An open API service indexing awesome lists of open source software.

https://github.com/stefan-it/hetzner-gpu-server

My cheatsheet for Hetzner GPU Server Setup
https://github.com/stefan-it/hetzner-gpu-server

Last synced: about 2 months ago
JSON representation

My cheatsheet for Hetzner GPU Server Setup

Awesome Lists containing this project

README

        

# Hetzner GPU Server Setup

This repository hosts my cheatsheet for Hetzner GPU Server Setup. Hopefully, I could also be useful for others ;)

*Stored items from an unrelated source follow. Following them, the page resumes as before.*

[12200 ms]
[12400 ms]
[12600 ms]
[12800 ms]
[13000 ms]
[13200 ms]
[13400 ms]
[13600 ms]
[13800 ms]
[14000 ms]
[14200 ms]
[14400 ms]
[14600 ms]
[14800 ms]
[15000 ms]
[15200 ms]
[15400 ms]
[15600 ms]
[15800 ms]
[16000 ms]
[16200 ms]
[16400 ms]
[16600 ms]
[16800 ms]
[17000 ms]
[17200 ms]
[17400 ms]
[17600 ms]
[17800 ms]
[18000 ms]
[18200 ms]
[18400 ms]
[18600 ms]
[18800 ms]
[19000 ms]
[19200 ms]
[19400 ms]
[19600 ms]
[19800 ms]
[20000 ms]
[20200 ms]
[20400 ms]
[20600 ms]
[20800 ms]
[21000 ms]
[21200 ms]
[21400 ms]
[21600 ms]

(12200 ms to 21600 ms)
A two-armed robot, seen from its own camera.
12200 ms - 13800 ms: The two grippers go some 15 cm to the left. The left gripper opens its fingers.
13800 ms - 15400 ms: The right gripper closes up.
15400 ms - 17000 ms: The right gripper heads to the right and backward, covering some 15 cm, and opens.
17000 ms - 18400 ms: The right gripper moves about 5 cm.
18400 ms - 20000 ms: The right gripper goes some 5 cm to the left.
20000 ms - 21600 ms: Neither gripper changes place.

I opened the [discussion section](https://github.com/stefan-it/hetzner-gpu-server/discussions) so that other GEX44 users can discuss various things.

## GEX44

In March 2024, Hetzner thanksfully released a new [generation of GPU servers](https://www.hetzner.com/press-release/new-gpu-server/), after their [first GPU server](https://web.archive.org/web/20210613172423/https://www.hetzner.com/news/blitzschnell-gestochen-scharf-neuer-dedicated-root-server-ex51-ssd-gpu/) back in March 2017!

The GEX44 comes with an Intel® Core™ i5-13500, 64GB of RAM and a NVIDIA RTX™ 4000 with 20GB GPU-RAM.

I will use the GPU mainly for fine-tuning NLP models with the awesome [Flair](https://github.com/flairNLP/flair) library. I am very excited about the new GEX44 server, as I've also used the old GPU server back in 2018 for releasing a lot of [Flair Embeddings](https://github.com/flairNLP/flair-lms)!

# Initial setup

After using Ubuntu 22.04 (installed from rescue console) the following steps are done in the initial setup stage:

* Updating and upgrading all Ubuntu 22.04 packages
* Upgrade from Ubuntu 22.04 to 24.04
* Install CUDA and NVIDIA drivers

On commandline it looks like:

```bash
$ apt update && apt upgrade -y
$ reboot # To make sure ;)
$ do-release-upgrade -d
```

Follow all upgrade instructions and then we have a working Ubuntu 24.04 installation.
Now all NVIDIA-related stuff is installed:

```bash
$ wget https://developer.download.nvidia.com/compute/cuda/repos/ubuntu2204/x86_64/cuda-keyring_1.1-1_all.deb
$ dpkg -i cuda-keyring_1.1-1_all.deb
$ apt-get update
$ apt-get -y install cuda-toolkit-12-5
```

After that we install NVIDIA drivers and reboot our nice GEX44:

```bash
$ apt-get install -y cuda-drivers
$ reboot
```

Now let's see if it was working:

```bash
$ nvidia-smi
Wed Jun 26 00:46:20 2024
+-----------------------------------------------------------------------------------------+
| NVIDIA-SMI 555.42.02 Driver Version: 555.42.02 CUDA Version: 12.5 |
|-----------------------------------------+------------------------+----------------------+
| GPU Name Persistence-M | Bus-Id Disp.A | Volatile Uncorr. ECC |
| Fan Temp Perf Pwr:Usage/Cap | Memory-Usage | GPU-Util Compute M. |
| | | MIG M. |
|=========================================+========================+======================|
| 0 NVIDIA RTX 4000 SFF Ada ... Off | 00000000:01:00.0 Off | Off |
| 33% 58C P8 7W / 70W | 2MiB / 20475MiB | 0% Default |
| | | N/A |
+-----------------------------------------+------------------------+----------------------+

+-----------------------------------------------------------------------------------------+
| Processes: |
| GPU GI CI PID Type Process name GPU Memory |
| ID ID Usage |
|=========================================================================================|
| No running processes found |
+-----------------------------------------------------------------------------------------+
```

Amazing! The GEX44 is now ready to fine-tune nice models 🎉

# User account

We create a new (unpriviliged) user and add it to the `sudoers` list:

```bash
$ useradd -m -g users -s /bin/bash stefan
$ passwd stefan # Set a nice password here
$ usermod -aG sudo stefan
```

Then login with the newly created user.

# PyTorch installation

PyTorch is installed in a fresh virtual environment (via `venv`), as this is the easiest way to get it running.
Possible alternatives are e.g. Anaconda or using Docker with NVIDIA support and e.g. an [NVIDIA PyTorch image](https://catalog.ngc.nvidia.com/orgs/nvidia/containers/pytorch)).

The following steps will install a perfectly working PyTorch installation with GPU support:

```bash
$ sudo apt install python3-venv
$ python3 -m venv venvs/dev
$ source venvs/dev/bin/activate
$ pip3 install torch torchvision torchaudio --index-url https://download.pytorch.org/whl/cu121
```

Now let's test if CUDA is available via:

```bash
$ python3 -c "import torch; print(torch.cuda.is_available())"
True
```

Now we can start installing more libraries and fine-tuning own models!